Filed under: Definición — Alejandro Pérez @ 12:19 pm

La partitocracia o Estado de partidos, consiste en una forma oligárquica de gobierno en la que unos pocos partidos políticos (generalmente dos) mantienen secuestrada la libertad política de la sociedad civil. Se caracteriza por la carencia de separación de poderes, que se concentran en el dirigente del partido que ostenta el gobierno en cada momento. Tampoco existe representatividad de la sociedad civil.
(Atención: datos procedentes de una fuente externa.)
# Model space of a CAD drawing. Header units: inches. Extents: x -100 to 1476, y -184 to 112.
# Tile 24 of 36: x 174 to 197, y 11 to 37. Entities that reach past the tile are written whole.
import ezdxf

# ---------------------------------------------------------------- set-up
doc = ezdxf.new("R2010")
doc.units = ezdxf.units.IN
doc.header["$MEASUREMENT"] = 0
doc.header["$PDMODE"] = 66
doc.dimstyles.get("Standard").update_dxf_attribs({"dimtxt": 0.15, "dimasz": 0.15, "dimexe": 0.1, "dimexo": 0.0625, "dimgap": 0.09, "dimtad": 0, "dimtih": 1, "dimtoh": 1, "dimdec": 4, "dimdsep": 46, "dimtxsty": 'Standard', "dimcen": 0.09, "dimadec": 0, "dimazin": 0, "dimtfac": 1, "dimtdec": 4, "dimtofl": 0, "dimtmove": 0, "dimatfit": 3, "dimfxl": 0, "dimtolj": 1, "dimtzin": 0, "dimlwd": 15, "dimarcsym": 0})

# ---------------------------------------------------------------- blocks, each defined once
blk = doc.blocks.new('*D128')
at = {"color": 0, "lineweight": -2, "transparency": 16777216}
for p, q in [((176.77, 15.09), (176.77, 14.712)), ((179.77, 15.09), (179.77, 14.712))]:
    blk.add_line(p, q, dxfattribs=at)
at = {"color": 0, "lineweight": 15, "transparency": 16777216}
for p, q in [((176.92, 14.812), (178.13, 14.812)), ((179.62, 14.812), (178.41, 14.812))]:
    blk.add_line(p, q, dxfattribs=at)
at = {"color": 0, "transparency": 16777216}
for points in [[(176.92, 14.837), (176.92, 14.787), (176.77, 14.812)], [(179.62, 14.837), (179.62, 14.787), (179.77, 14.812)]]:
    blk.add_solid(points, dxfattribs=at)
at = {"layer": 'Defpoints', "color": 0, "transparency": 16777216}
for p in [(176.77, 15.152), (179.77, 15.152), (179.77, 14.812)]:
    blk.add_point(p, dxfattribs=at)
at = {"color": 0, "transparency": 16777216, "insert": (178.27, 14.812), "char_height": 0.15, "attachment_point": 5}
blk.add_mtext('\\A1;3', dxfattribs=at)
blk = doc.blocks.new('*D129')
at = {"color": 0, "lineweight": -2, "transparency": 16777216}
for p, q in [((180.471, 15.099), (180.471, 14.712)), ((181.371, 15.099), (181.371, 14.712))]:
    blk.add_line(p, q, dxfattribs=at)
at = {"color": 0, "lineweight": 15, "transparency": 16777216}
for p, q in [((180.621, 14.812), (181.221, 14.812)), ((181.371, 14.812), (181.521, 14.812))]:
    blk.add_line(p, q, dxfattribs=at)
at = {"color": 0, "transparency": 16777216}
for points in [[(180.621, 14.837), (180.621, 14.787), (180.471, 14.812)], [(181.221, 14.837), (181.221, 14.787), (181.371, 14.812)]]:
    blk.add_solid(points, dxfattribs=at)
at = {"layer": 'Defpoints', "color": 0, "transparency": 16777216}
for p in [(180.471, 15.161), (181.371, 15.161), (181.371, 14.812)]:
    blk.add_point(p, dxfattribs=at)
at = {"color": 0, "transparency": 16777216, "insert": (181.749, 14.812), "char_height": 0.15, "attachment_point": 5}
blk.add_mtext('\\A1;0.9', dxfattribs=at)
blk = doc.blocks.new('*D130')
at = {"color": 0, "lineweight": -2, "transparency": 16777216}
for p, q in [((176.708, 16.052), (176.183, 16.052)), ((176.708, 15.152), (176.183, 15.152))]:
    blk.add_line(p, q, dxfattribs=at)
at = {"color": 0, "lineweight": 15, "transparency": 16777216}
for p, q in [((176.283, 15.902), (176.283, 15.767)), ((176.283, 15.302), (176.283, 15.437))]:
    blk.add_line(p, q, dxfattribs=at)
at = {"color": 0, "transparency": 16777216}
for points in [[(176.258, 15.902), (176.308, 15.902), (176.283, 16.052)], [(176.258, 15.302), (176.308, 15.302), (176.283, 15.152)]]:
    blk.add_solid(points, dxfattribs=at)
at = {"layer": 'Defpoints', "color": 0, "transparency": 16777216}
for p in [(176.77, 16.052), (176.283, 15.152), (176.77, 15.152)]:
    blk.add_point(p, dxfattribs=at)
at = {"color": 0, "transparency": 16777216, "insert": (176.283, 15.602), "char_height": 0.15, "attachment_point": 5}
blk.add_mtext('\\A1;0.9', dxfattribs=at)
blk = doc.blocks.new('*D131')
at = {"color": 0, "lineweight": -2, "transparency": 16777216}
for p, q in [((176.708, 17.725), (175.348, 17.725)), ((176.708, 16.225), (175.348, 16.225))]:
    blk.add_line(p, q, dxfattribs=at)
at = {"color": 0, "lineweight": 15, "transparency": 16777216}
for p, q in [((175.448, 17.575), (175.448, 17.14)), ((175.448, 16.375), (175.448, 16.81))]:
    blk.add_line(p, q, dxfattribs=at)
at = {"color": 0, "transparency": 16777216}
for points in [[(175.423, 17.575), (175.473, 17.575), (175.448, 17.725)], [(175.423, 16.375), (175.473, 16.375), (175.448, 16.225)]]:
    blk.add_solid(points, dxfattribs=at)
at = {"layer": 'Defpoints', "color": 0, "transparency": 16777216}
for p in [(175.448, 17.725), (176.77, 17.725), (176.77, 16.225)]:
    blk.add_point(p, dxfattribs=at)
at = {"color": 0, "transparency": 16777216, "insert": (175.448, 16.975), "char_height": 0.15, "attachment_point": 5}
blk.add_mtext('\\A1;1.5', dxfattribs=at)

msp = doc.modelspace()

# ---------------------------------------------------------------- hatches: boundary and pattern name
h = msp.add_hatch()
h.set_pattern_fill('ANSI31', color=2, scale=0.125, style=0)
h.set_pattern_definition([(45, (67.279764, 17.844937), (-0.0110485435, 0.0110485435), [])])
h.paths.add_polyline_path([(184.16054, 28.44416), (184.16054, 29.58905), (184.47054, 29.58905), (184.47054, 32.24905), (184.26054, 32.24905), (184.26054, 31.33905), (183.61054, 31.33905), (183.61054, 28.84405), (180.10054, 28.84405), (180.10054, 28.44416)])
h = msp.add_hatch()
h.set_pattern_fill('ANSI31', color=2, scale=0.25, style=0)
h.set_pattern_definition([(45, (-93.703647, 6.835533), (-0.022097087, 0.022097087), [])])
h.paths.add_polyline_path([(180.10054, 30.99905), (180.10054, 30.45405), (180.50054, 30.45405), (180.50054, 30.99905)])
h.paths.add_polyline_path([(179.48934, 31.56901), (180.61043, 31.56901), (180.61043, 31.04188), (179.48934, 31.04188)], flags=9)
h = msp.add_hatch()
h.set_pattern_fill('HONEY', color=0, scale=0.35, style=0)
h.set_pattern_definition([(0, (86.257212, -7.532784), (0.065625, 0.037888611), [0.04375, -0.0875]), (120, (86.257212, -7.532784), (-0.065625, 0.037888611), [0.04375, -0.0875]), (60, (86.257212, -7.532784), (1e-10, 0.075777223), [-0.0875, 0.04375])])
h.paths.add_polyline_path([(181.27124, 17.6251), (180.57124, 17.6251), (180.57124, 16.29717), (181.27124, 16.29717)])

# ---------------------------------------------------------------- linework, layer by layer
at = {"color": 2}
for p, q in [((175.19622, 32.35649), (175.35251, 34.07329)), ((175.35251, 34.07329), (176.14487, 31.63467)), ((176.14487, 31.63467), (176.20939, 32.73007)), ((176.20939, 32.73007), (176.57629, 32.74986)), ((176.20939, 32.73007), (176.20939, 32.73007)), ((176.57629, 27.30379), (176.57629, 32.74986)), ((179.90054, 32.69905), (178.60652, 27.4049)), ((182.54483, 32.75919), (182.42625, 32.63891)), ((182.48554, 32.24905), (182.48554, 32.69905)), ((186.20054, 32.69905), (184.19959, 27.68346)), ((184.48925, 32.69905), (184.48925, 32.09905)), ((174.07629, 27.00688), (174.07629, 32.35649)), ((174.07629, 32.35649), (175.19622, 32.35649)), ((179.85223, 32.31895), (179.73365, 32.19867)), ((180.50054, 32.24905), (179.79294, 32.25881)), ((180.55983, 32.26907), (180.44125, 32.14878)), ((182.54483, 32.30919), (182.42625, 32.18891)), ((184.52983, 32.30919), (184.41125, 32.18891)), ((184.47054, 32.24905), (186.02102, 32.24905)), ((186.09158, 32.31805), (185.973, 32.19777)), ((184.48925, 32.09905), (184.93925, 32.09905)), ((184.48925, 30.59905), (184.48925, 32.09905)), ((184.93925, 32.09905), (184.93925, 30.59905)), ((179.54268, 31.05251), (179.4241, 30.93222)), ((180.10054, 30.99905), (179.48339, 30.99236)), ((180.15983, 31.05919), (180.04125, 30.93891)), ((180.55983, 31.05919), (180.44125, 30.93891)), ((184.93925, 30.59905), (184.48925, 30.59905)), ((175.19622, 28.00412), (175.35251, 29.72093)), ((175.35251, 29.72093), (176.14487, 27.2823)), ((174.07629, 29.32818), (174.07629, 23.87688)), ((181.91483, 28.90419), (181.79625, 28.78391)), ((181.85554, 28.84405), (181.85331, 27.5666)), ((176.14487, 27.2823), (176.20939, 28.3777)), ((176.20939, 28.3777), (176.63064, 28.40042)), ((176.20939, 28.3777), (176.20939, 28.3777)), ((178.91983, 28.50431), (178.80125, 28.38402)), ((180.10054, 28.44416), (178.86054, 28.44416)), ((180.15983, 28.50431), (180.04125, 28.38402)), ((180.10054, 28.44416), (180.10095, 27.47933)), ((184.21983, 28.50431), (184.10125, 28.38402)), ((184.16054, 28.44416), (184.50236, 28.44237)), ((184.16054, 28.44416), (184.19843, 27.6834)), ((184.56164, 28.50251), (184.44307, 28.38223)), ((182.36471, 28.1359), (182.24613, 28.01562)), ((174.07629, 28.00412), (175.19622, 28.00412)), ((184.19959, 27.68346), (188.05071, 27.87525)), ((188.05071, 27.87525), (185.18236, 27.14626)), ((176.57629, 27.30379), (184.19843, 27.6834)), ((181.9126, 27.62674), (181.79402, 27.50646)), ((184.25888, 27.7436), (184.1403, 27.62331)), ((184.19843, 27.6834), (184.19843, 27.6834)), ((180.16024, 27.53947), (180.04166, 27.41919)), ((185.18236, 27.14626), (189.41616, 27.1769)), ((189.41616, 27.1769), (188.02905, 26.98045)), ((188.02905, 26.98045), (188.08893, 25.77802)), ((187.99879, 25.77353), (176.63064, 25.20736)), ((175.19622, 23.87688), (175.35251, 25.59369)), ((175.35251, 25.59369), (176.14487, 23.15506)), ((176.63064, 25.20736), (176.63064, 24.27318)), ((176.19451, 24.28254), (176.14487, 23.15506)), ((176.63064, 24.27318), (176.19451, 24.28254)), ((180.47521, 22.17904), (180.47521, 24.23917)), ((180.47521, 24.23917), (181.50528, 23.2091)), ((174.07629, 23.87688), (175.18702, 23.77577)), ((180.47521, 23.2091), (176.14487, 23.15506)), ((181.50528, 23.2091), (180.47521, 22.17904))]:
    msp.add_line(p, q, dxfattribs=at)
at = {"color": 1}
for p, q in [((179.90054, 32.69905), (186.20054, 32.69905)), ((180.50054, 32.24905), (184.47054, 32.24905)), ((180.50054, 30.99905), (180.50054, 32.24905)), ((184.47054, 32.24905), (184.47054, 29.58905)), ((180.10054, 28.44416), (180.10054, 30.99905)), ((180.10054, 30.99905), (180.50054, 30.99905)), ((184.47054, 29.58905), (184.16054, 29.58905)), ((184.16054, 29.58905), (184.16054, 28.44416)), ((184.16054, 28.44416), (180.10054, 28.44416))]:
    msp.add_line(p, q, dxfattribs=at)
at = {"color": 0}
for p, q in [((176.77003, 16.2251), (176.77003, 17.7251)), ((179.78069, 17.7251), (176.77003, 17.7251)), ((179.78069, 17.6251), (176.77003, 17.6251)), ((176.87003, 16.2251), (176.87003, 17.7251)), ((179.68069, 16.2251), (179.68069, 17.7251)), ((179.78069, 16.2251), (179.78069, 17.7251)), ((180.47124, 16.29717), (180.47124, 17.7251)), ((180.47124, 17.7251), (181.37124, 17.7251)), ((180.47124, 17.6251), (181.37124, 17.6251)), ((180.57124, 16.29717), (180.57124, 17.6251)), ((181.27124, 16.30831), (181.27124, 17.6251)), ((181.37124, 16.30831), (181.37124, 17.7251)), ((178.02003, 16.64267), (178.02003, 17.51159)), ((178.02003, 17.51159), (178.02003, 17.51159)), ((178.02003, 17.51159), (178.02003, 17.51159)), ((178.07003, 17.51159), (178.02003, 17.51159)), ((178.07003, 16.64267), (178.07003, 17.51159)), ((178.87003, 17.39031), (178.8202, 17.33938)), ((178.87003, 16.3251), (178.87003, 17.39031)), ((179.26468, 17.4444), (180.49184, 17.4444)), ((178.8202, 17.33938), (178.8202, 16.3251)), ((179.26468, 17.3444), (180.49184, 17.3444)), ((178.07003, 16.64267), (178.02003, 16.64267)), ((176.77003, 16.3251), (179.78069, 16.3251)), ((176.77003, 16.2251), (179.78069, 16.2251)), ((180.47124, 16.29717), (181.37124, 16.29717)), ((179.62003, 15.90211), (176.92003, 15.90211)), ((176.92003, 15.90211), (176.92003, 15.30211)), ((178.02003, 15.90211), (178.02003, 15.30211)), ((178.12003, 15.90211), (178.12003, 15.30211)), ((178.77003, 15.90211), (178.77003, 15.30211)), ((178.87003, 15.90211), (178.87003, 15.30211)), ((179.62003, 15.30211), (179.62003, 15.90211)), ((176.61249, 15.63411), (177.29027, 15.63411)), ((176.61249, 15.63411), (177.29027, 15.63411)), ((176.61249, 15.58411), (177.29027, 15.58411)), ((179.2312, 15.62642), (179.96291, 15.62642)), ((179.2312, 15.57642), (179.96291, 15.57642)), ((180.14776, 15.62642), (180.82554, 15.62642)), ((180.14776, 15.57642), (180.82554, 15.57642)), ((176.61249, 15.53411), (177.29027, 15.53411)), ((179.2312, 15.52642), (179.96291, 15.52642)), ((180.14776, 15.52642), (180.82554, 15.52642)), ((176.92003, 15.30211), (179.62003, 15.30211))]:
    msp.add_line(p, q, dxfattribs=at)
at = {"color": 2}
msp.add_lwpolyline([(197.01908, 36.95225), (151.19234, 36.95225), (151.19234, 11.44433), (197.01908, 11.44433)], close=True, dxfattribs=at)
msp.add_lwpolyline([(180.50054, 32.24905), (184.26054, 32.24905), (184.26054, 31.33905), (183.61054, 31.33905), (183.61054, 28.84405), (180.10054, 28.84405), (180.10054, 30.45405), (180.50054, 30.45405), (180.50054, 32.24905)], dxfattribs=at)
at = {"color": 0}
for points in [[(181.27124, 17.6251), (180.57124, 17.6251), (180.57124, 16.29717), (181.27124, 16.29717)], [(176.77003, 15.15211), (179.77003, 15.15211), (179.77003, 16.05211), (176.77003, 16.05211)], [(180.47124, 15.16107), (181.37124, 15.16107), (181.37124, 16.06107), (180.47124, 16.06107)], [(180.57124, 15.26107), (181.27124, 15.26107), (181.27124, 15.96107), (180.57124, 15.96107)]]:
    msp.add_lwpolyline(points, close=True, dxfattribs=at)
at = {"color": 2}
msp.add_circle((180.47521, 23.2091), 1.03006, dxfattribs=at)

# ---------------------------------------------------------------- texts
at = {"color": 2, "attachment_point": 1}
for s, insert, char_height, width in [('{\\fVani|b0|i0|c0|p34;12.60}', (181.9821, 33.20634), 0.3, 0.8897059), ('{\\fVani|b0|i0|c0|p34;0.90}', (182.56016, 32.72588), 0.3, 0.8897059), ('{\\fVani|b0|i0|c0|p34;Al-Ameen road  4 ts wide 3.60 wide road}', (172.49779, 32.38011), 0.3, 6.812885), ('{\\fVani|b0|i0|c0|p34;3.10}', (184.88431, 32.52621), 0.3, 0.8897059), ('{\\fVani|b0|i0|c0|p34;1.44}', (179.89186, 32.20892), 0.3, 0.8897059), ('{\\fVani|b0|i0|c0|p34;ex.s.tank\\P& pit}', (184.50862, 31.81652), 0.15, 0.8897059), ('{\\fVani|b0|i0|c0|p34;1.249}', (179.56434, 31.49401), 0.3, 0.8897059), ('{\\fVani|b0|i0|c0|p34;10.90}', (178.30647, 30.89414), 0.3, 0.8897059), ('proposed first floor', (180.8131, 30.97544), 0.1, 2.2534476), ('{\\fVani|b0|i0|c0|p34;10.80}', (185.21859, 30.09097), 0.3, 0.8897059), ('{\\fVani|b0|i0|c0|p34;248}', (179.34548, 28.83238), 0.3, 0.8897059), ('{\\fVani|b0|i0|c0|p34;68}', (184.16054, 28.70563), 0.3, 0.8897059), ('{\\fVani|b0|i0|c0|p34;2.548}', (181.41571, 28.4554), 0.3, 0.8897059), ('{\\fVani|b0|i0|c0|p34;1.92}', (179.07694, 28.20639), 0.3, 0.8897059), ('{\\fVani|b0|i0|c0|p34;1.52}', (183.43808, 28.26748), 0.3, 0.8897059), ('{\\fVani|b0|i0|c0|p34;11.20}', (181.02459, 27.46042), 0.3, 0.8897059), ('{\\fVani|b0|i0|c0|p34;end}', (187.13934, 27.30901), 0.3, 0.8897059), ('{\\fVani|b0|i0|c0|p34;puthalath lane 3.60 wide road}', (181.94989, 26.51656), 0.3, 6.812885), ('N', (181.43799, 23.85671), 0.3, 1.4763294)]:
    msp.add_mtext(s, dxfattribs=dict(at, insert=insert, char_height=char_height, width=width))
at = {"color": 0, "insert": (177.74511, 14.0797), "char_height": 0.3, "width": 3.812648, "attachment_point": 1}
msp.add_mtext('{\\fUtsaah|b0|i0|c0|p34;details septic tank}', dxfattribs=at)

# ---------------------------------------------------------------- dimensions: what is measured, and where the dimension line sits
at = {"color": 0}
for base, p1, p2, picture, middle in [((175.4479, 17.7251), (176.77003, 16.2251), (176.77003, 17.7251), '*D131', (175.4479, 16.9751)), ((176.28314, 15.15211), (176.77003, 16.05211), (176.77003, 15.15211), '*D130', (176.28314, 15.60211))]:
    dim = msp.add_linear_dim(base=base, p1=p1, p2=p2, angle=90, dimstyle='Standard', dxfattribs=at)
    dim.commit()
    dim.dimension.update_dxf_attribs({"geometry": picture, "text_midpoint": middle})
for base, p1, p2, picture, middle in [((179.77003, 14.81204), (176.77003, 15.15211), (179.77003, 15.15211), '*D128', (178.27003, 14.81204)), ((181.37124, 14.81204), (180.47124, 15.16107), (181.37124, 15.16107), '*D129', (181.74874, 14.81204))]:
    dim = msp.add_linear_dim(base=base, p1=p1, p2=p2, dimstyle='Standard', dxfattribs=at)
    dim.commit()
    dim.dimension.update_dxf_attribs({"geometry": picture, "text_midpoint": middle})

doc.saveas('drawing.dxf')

Normalmente, los partidos políticos están directamente financiados por el Estado y se les permite recibir donaciones de entes privados, lo que les convierte en órganos/instituciones del propio Estado.

De acuerdo con la ley de hierro de Michels sobre los partidos de masas, éstos acaban por perder los objetivos de su fundación inicial y se convierten en superestructuras cuya única finalidad es la autoconservación. Por tanto, dejan de ser representativos de las bases que los sustentan. Para paliar este hecho y evitar el enquistamiento de los partidos políticos en el Estado y/o su subordinación a otras entidades de carácter privado, los partidos políticos deben sustentarse por las aportaciones a partes iguales de sus socios.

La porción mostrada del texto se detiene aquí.